Source data:

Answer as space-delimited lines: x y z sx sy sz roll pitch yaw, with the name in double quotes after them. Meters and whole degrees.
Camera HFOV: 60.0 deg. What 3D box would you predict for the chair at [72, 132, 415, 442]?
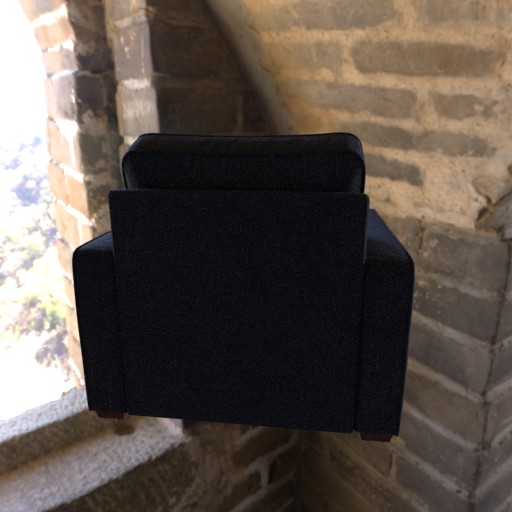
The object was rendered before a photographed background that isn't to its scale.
0.000 0.000 1.709 1.017 0.919 0.940 2 16 7 "chair"

Action item:
Copy out the lines exactly as written, beginning with the one that contains "Camera HFOV: 60.0" and ending with the last line of the material; do not include pictures.

Answer space:
Camera HFOV: 60.0 deg. What 3D box would you predict for the chair at [72, 132, 415, 442]?
The object was rendered before a photographed background that isn't to its scale.
0.000 0.000 1.709 1.017 0.919 0.940 2 16 7 "chair"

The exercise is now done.